TASK DETAILS = Output the data verbatim, minus the images.

COLLECTED MATERIAL =
☆ ☆ ☆

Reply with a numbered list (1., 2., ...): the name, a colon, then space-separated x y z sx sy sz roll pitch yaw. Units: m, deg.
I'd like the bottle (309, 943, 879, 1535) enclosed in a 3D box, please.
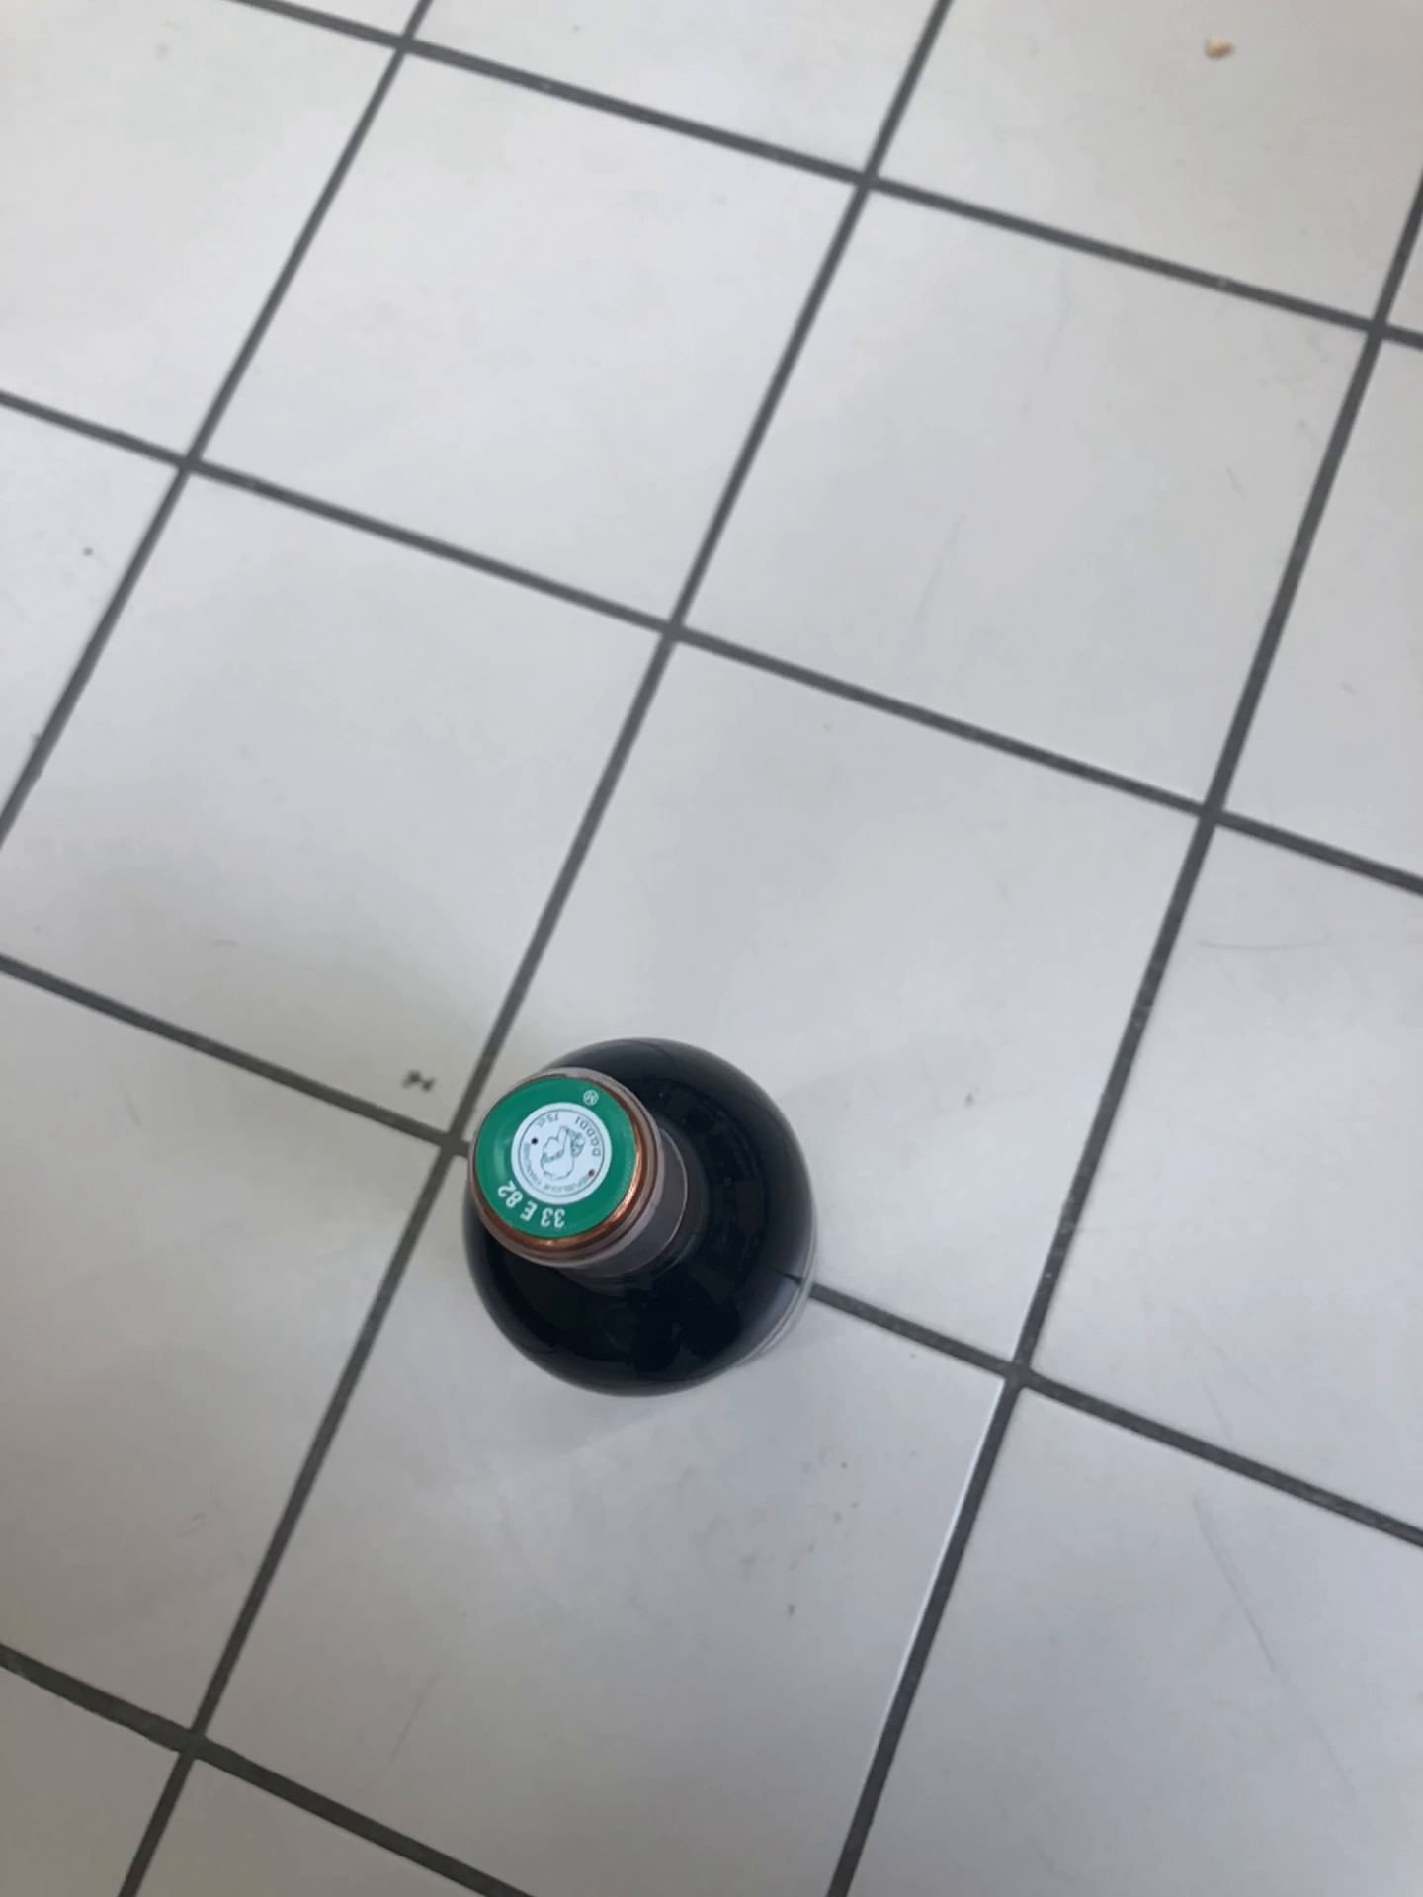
1. bottle: -0.009 0.075 0.370 0.080 0.290 0.080 -1 76 4

☆ ☆ ☆

RESULT FOR THIS TASK =
Reply with a numbered list (1., 2., ...): the name, a colon, then space-separated x y z sx sy sz roll pitch yaw. Units: m, deg.
I'd like the bottle (309, 943, 879, 1535) enclosed in a 3D box, please.
1. bottle: -0.009 0.075 0.370 0.080 0.290 0.080 -1 76 4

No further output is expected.